Ford's 5G project had ambitious goals - what did it achieve?

“If we look back at our first slide of what we were trying to do – we were starting from this idea of having all these 5G sensors that we just put around all over the machine. And we could potentially have carried on banging our heads against that door for two years and not got anywhere..."

Ian Jenner is director of control systems at Vacuum Furnace Engineering (VFE), which along with Ford, Vodafone and five other organisations, is part of the 5G Enabled Manufacturing (5GEM). Talking to The Stack at the UK5G Showcase, he is refreshingly frank about how the project with Ford has evolved in the nearly-two years since it started:

“It's not quite been done in the same way as what we imagined the machines would look like. But we've still been able to learn some fantastic lessons.”

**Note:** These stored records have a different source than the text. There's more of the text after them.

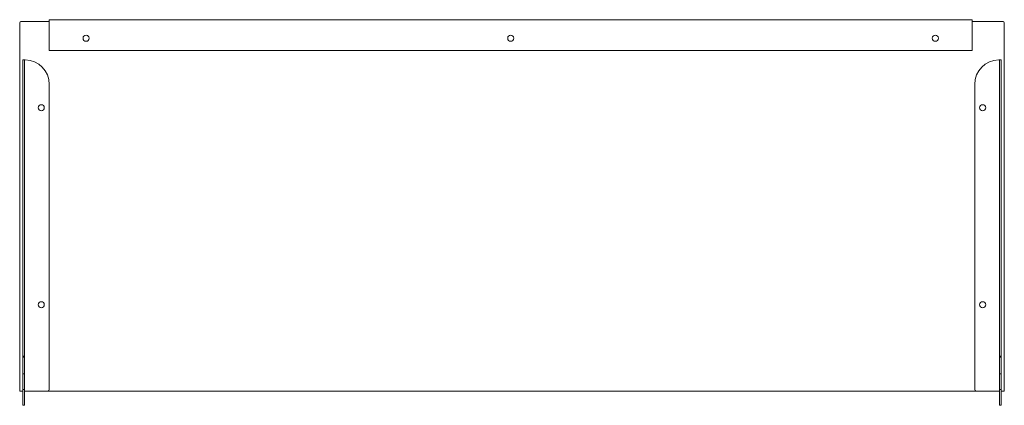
# Model space of a CAD drawing. Header units: millimetres. Extents: x -1025 to -225, y -335 to -22.
import ezdxf

# ---------------------------------------------------------------- set-up
doc = ezdxf.new("R2010")
doc.units = ezdxf.units.MM

msp = doc.modelspace()

# ---------------------------------------------------------------- linework, layer by layer
at = {"color": 0, "linetype": 'Continuous', "lineweight": 0}
for p, q in [((-1024.14, -23.2), (-1001.14, -23.2)), ((-1001.14, -21.7), (-251.14, -21.7)), ((-1001.14, -24.2), (-1001.14, -21.7)), ((-251.14, -21.7), (-251.14, -24.2)), ((-251.14, -23.2), (-226.14, -23.2)), ((-1025.14, -323.2), (-1025.14, -24.2)), ((-1001.14, -46.7), (-1001.14, -24.2)), ((-251.14, -46.7), (-251.14, -24.2)), ((-225.14, -24.2), (-225.14, -323.2)), ((-1001.14, -46.7), (-251.14, -46.7)), ((-1021.14, -54.2), (-1022.64, -54.2)), ((-1022.64, -61.45), (-1022.64, -54.2)), ((-1021.14, -54.2), (-1021.14, -61.45)), ((-1021.14, -54.2), (-1020.87, -54.2)), ((-229.14, -54.2), (-229.4, -54.2)), ((-229.14, -54.2), (-227.64, -54.2)), ((-229.14, -54.2), (-229.14, -61.45)), ((-227.64, -61.45), (-227.64, -54.2)), ((-1022.64, -286.37), (-1022.64, -61.45)), ((-1021.14, -286.37), (-1021.14, -61.45)), ((-229.14, -286.37), (-229.14, -61.45)), ((-227.64, -286.37), (-227.64, -61.45)), ((-1001.12, -74.2), (-1001.12, -322.2)), ((-249.16, -74.2), (-249.16, -322.2)), ((-1022.64, -287.57), (-1022.64, -286.37)), ((-1022.64, -287.57), (-1022.64, -295.04)), ((-1021.14, -286.37), (-1021.14, -287.57)), ((-1021.14, -287.57), (-1021.14, -295.04)), ((-229.14, -286.37), (-229.14, -287.57)), ((-229.14, -287.57), (-229.14, -295.04)), ((-227.64, -287.57), (-227.64, -286.37)), ((-227.64, -287.57), (-227.64, -295.04)), ((-1022.64, -295.04), (-1022.64, -295.82)), ((-1022.64, -295.04), (-1021.14, -295.04)), ((-1022.64, -297.04), (-1022.64, -295.82)), ((-1022.64, -295.82), (-1021.14, -295.82)), ((-1021.14, -295.04), (-1021.14, -295.82)), ((-1021.14, -295.82), (-1021.14, -297.04)), ((-229.14, -295.04), (-229.14, -295.82)), ((-227.64, -295.04), (-229.14, -295.04)), ((-229.14, -295.82), (-229.14, -297.04)), ((-227.64, -295.82), (-229.14, -295.82)), ((-227.64, -295.04), (-227.64, -295.82)), ((-227.64, -297.04), (-227.64, -295.82)), ((-1022.64, -297.04), (-1022.64, -301.83)), ((-1022.64, -304.19), (-1022.64, -301.83)), ((-1021.14, -297.04), (-1021.14, -301.83)), ((-1021.14, -304.19), (-1021.14, -301.83)), ((-229.14, -297.04), (-229.14, -301.83)), ((-229.14, -304.19), (-229.14, -301.83)), ((-227.64, -297.04), (-227.64, -301.83)), ((-227.64, -304.19), (-227.64, -301.83)), ((-1022.64, -304.19), (-1022.64, -309.23)), ((-1022.64, -309.37), (-1022.64, -309.23)), ((-1022.64, -309.37), (-1021.14, -309.37)), ((-1022.64, -309.76), (-1022.64, -309.37)), ((-1022.64, -309.76), (-1022.64, -314.55)), ((-1021.14, -304.19), (-1021.14, -309.23)), ((-1021.14, -309.37), (-1021.14, -309.23)), ((-1021.14, -309.37), (-1021.14, -309.76)), ((-1021.14, -309.76), (-1021.14, -314.55)), ((-229.14, -304.19), (-229.14, -309.23)), ((-229.14, -309.37), (-229.14, -309.23)), ((-227.64, -309.37), (-229.14, -309.37)), ((-229.14, -309.37), (-229.14, -309.76)), ((-229.14, -309.76), (-229.14, -314.55)), ((-227.64, -304.19), (-227.64, -309.23)), ((-227.64, -309.37), (-227.64, -309.23)), ((-227.64, -309.76), (-227.64, -309.37)), ((-227.64, -309.76), (-227.64, -314.55)), ((-1022.64, -316.91), (-1022.64, -314.55)), ((-1022.64, -316.91), (-1022.64, -321.95)), ((-1021.14, -316.91), (-1021.14, -314.55)), ((-1021.14, -316.91), (-1021.14, -321.95)), ((-229.14, -316.91), (-229.14, -314.55)), ((-229.14, -316.91), (-229.14, -321.95)), ((-227.64, -316.91), (-227.64, -314.55)), ((-227.64, -316.91), (-227.64, -321.95)), ((-1025.14, -323.2), (-1024.14, -323.2)), ((-1024.14, -323.2), (-1022.64, -323.2)), ((-1022.64, -322.09), (-1022.64, -321.95)), ((-1022.64, -322.09), (-1021.14, -322.09)), ((-1022.64, -322.48), (-1022.64, -322.09)), ((-1022.64, -322.48), (-1022.64, -327.26)), ((-1022.64, -329.62), (-1022.64, -327.26)), ((-1021.14, -322.09), (-1021.14, -321.95)), ((-1021.14, -322.09), (-1021.14, -322.48)), ((-1021.14, -322.48), (-1021.14, -327.26)), ((-1021.14, -323.2), (-1020.64, -323.2)), ((-1021.14, -325.5), (-1021.14, -323.2)), ((-1021.14, -329.62), (-1021.14, -327.26)), ((-1020.64, -323.2), (-1002.12, -323.2)), ((-1002.12, -323.2), (-248.16, -323.2)), ((-229.64, -323.2), (-248.16, -323.2)), ((-229.14, -323.2), (-229.64, -323.2)), ((-229.14, -322.09), (-229.14, -321.95)), ((-227.64, -322.09), (-229.14, -322.09)), ((-229.14, -322.09), (-229.14, -322.48)), ((-229.14, -322.48), (-229.14, -327.26)), ((-229.14, -325.5), (-229.14, -323.2)), ((-229.14, -329.62), (-229.14, -327.26)), ((-227.64, -322.09), (-227.64, -321.95)), ((-227.64, -322.48), (-227.64, -322.09)), ((-227.64, -322.48), (-227.64, -327.26)), ((-227.64, -323.2), (-226.14, -323.2)), ((-227.64, -329.62), (-227.64, -327.26)), ((-226.14, -323.2), (-225.14, -323.2)), ((-1022.64, -329.62), (-1022.64, -334.66)), ((-1022.64, -334.81), (-1022.64, -334.66)), ((-1022.64, -334.81), (-1021.14, -334.81)), ((-1021.14, -329.62), (-1021.14, -334.66)), ((-1021.14, -334.81), (-1021.14, -334.66)), ((-229.14, -329.62), (-229.14, -334.66)), ((-229.14, -334.81), (-229.14, -334.66)), ((-227.64, -334.81), (-229.14, -334.81)), ((-227.64, -329.62), (-227.64, -334.66)), ((-227.64, -334.81), (-227.64, -334.66))]:
    msp.add_line(p, q, dxfattribs=at)
at = {"color": 0, "linetype": 'Continuous', "lineweight": 0, "extrusion": (0, 0, -1)}
for centre, radius, start, end in [((1024.14, -24.2), 1, 0, 90), ((226.14, -24.2), 1, 90, 180), ((1021.12, -74.2), 20, 91.37945, 180), ((1007.62, -93.2), 2.5, 270, 90), ((1007.62, -93.2), 2.5, 90, 270), ((1007.62, -253.2), 2.5, 270, 90), ((1007.62, -253.2), 2.5, 90, 270), ((1002.12, -322.2), 1, 180, 270)]:
    msp.add_arc(centre, radius, start, end, dxfattribs=at)
at = {"color": 0, "linetype": 'Continuous', "lineweight": 0}
for centre, radius, start, end in [((-971.14, -36.7), 2.5, 0, 180), ((-971.14, -36.7), 2.5, 180, 0), ((-626.14, -36.7), 2.5, 0, 180), ((-626.14, -36.7), 2.5, 180, 0), ((-281.14, -36.7), 2.5, 0, 180), ((-281.14, -36.7), 2.5, 180, 0), ((-229.16, -74.2), 20, 91.37945, 180), ((-242.66, -93.2), 2.5, 90, 270), ((-242.66, -93.2), 2.5, 270, 90), ((-242.66, -253.2), 2.5, 90, 270), ((-242.66, -253.2), 2.5, 270, 90), ((-248.16, -322.2), 1, 180, 270)]:
    msp.add_arc(centre, radius, start, end, dxfattribs=at)
for points in [[(-1020.87, -54.2), (-1020.78, -54.2), (-1020.7, -54.2), (-1020.64, -54.2)], [(-229.4, -54.2), (-229.49, -54.2), (-229.57, -54.2), (-229.64, -54.2)], [(-1021.14, -325.69), (-1021.14, -325.62), (-1021.14, -325.56), (-1021.14, -325.5)], [(-229.14, -325.69), (-229.14, -325.62), (-229.14, -325.56), (-229.14, -325.5)]]:
    msp.add_open_spline(points, degree=3, dxfattribs=at)

doc.saveas('drawing.dxf')

See also: Making the case for private 5G networks

Part of the UK5G Testbeds and Trials programme, 5GEM aimed to prove the use-case of private 5G networks in manufacturing situations.

Working with Ford 5GEM installed high-bandwidth sensors for monitoring precision welding operations at Ford’s E:PrimE electric motor facility in Dunton, Essex. With TWI the consortium used 5G-enabled sensors to monitor brazing using VFE's furnaces.

With just under £2m of government funding, matched by members of the 5GEM consortium, the Ford 5G project kicked off in June 2020 with ambitious goals. But the complexity of the task at hand quickly became apparent.

“The network took longer to install and set up than we, certainly at Ford, anticipated. We're not the telecoms experts, so that's why we needed Vodafone and their hardware supplier Ericsson to help us. So that was perhaps surprising in comparison with Wi-Fi that we're more used to, where you can just stick your router, and away you go,” Paul Hadley, programme leader at Ford, tells The Stack.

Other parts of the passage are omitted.